Goal of the exercise: Every line of the listing that follows must be written out unchanged.

Segment Start: The input

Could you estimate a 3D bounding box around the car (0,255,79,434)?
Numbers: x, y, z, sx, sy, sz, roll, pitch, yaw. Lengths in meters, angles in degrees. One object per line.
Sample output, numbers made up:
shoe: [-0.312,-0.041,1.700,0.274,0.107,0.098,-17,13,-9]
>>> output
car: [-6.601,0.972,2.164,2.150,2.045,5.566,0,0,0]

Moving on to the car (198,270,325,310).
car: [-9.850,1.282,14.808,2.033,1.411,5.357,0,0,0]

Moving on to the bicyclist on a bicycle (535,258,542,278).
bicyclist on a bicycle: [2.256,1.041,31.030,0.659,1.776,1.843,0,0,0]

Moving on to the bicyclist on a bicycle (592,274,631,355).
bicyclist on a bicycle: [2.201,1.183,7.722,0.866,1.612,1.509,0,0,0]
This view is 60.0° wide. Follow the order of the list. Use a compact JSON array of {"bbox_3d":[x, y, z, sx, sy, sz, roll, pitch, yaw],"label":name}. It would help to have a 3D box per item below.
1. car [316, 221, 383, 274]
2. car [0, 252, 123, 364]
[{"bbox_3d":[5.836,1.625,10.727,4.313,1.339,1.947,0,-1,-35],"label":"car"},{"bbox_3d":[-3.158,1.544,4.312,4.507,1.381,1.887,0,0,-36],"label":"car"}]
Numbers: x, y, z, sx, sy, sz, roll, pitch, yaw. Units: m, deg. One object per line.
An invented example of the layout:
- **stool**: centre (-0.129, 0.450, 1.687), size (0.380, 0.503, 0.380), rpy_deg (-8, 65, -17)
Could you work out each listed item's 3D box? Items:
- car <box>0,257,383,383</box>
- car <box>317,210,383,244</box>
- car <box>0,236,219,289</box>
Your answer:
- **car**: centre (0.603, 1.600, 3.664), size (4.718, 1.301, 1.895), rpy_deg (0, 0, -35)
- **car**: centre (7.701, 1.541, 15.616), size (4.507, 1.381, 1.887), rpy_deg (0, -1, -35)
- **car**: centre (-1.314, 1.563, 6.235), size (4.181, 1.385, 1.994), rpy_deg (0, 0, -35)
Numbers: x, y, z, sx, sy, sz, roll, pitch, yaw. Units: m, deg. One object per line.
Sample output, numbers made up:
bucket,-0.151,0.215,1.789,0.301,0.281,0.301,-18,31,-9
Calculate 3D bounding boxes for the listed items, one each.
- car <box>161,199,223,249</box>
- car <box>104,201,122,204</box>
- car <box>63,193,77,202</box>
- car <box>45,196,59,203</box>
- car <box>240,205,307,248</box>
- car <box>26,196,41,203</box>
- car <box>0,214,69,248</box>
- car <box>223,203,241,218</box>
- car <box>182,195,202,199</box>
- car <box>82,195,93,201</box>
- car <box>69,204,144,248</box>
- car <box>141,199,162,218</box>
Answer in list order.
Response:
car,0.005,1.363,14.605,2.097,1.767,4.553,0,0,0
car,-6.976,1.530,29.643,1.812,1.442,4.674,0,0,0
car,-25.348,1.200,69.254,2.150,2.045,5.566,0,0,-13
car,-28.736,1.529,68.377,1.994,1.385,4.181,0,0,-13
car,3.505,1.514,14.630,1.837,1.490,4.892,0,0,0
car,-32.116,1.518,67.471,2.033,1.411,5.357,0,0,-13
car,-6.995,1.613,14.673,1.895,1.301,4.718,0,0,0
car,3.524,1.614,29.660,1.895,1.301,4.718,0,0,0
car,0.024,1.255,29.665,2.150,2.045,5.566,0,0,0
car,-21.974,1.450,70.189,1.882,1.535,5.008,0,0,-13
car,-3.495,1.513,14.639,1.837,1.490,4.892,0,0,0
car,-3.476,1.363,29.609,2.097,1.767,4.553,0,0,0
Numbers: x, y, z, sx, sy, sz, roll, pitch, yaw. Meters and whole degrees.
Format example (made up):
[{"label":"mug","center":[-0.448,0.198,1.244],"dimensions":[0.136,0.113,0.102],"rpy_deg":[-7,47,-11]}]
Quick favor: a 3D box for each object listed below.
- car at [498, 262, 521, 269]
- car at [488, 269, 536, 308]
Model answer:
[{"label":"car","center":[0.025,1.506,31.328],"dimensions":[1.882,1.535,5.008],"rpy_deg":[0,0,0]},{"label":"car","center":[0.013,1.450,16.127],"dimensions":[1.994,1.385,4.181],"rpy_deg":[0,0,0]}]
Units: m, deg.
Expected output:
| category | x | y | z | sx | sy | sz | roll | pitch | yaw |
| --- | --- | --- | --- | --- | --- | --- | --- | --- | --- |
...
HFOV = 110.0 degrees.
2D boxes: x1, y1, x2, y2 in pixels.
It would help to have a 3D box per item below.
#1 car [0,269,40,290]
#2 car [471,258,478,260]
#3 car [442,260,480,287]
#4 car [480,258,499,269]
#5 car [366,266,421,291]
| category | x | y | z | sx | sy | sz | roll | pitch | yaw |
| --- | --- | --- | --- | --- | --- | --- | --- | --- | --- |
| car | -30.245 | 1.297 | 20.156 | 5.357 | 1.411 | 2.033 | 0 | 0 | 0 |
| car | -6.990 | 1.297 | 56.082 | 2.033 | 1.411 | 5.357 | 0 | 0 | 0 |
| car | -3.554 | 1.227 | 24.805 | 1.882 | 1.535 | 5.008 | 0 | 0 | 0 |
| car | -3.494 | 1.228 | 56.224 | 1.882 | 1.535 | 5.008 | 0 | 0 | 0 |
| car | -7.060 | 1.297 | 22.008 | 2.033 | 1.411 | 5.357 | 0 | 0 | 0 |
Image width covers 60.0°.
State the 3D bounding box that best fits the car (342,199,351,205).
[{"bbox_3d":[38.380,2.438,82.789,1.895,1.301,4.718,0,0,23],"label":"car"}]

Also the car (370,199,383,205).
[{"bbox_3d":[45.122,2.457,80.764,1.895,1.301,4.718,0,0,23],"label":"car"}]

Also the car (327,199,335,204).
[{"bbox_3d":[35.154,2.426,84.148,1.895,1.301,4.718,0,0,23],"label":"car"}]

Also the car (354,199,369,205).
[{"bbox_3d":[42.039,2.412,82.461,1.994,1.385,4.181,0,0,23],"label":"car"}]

Segment End: The input

Response below:
Could you estimate a 3D bounding box around the car (0,255,79,434)?
Numbers: x, y, z, sx, sy, sz, roll, pitch, yaw. Lengths in meters, angles in degrees. One object per line.
Sample output, numbers made up:
shoe: [-0.312,-0.041,1.700,0.274,0.107,0.098,-17,13,-9]
>>> output
car: [-6.601,0.972,2.164,2.150,2.045,5.566,0,0,0]

Moving on to the car (198,270,325,310).
car: [-9.850,1.282,14.808,2.033,1.411,5.357,0,0,0]

Moving on to the bicyclist on a bicycle (535,258,542,278).
bicyclist on a bicycle: [2.256,1.041,31.030,0.659,1.776,1.843,0,0,0]

Moving on to the bicyclist on a bicycle (592,274,631,355).
bicyclist on a bicycle: [2.201,1.183,7.722,0.866,1.612,1.509,0,0,0]
This view is 60.0° wide. Follow the order of the list. Use a compact JSON array of {"bbox_3d":[x, y, z, sx, sy, sz, roll, pitch, yaw],"label":name}. It would help to have a 3D box per item below.
1. car [316, 221, 383, 274]
2. car [0, 252, 123, 364]
[{"bbox_3d":[5.836,1.625,10.727,4.313,1.339,1.947,0,-1,-35],"label":"car"},{"bbox_3d":[-3.158,1.544,4.312,4.507,1.381,1.887,0,0,-36],"label":"car"}]
Numbers: x, y, z, sx, sy, sz, roll, pitch, yaw. Units: m, deg. One object per line.
An invented example of the layout:
- **stool**: centre (-0.129, 0.450, 1.687), size (0.380, 0.503, 0.380), rpy_deg (-8, 65, -17)
Could you work out each listed item's 3D box? Items:
- car <box>0,257,383,383</box>
- car <box>317,210,383,244</box>
- car <box>0,236,219,289</box>
Your answer:
- **car**: centre (0.603, 1.600, 3.664), size (4.718, 1.301, 1.895), rpy_deg (0, 0, -35)
- **car**: centre (7.701, 1.541, 15.616), size (4.507, 1.381, 1.887), rpy_deg (0, -1, -35)
- **car**: centre (-1.314, 1.563, 6.235), size (4.181, 1.385, 1.994), rpy_deg (0, 0, -35)
Numbers: x, y, z, sx, sy, sz, roll, pitch, yaw. Units: m, deg. One object per line.
Sample output, numbers made up:
bucket,-0.151,0.215,1.789,0.301,0.281,0.301,-18,31,-9
Calculate 3D bounding boxes for the listed items, one each.
- car <box>161,199,223,249</box>
- car <box>104,201,122,204</box>
- car <box>63,193,77,202</box>
- car <box>45,196,59,203</box>
- car <box>240,205,307,248</box>
- car <box>26,196,41,203</box>
- car <box>0,214,69,248</box>
- car <box>223,203,241,218</box>
- car <box>182,195,202,199</box>
- car <box>82,195,93,201</box>
- car <box>69,204,144,248</box>
- car <box>141,199,162,218</box>
Answer in list order.
Response:
car,0.005,1.363,14.605,2.097,1.767,4.553,0,0,0
car,-6.976,1.530,29.643,1.812,1.442,4.674,0,0,0
car,-25.348,1.200,69.254,2.150,2.045,5.566,0,0,-13
car,-28.736,1.529,68.377,1.994,1.385,4.181,0,0,-13
car,3.505,1.514,14.630,1.837,1.490,4.892,0,0,0
car,-32.116,1.518,67.471,2.033,1.411,5.357,0,0,-13
car,-6.995,1.613,14.673,1.895,1.301,4.718,0,0,0
car,3.524,1.614,29.660,1.895,1.301,4.718,0,0,0
car,0.024,1.255,29.665,2.150,2.045,5.566,0,0,0
car,-21.974,1.450,70.189,1.882,1.535,5.008,0,0,-13
car,-3.495,1.513,14.639,1.837,1.490,4.892,0,0,0
car,-3.476,1.363,29.609,2.097,1.767,4.553,0,0,0
Numbers: x, y, z, sx, sy, sz, roll, pitch, yaw. Meters and whole degrees.
Format example (made up):
[{"label":"mug","center":[-0.448,0.198,1.244],"dimensions":[0.136,0.113,0.102],"rpy_deg":[-7,47,-11]}]
Quick favor: a 3D box for each object listed below.
- car at [498, 262, 521, 269]
- car at [488, 269, 536, 308]
Model answer:
[{"label":"car","center":[0.025,1.506,31.328],"dimensions":[1.882,1.535,5.008],"rpy_deg":[0,0,0]},{"label":"car","center":[0.013,1.450,16.127],"dimensions":[1.994,1.385,4.181],"rpy_deg":[0,0,0]}]
Units: m, deg.
Expected output:
| category | x | y | z | sx | sy | sz | roll | pitch | yaw |
| --- | --- | --- | --- | --- | --- | --- | --- | --- | --- |
...
HFOV = 110.0 degrees.
2D boxes: x1, y1, x2, y2 in pixels.
It would help to have a 3D box per item below.
#1 car [0,269,40,290]
#2 car [471,258,478,260]
#3 car [442,260,480,287]
#4 car [480,258,499,269]
#5 car [366,266,421,291]
| category | x | y | z | sx | sy | sz | roll | pitch | yaw |
| --- | --- | --- | --- | --- | --- | --- | --- | --- | --- |
| car | -30.245 | 1.297 | 20.156 | 5.357 | 1.411 | 2.033 | 0 | 0 | 0 |
| car | -6.990 | 1.297 | 56.082 | 2.033 | 1.411 | 5.357 | 0 | 0 | 0 |
| car | -3.554 | 1.227 | 24.805 | 1.882 | 1.535 | 5.008 | 0 | 0 | 0 |
| car | -3.494 | 1.228 | 56.224 | 1.882 | 1.535 | 5.008 | 0 | 0 | 0 |
| car | -7.060 | 1.297 | 22.008 | 2.033 | 1.411 | 5.357 | 0 | 0 | 0 |
Image width covers 60.0°.
State the 3D bounding box that best fits the car (342,199,351,205).
[{"bbox_3d":[38.380,2.438,82.789,1.895,1.301,4.718,0,0,23],"label":"car"}]

Also the car (370,199,383,205).
[{"bbox_3d":[45.122,2.457,80.764,1.895,1.301,4.718,0,0,23],"label":"car"}]

Also the car (327,199,335,204).
[{"bbox_3d":[35.154,2.426,84.148,1.895,1.301,4.718,0,0,23],"label":"car"}]

Also the car (354,199,369,205).
[{"bbox_3d":[42.039,2.412,82.461,1.994,1.385,4.181,0,0,23],"label":"car"}]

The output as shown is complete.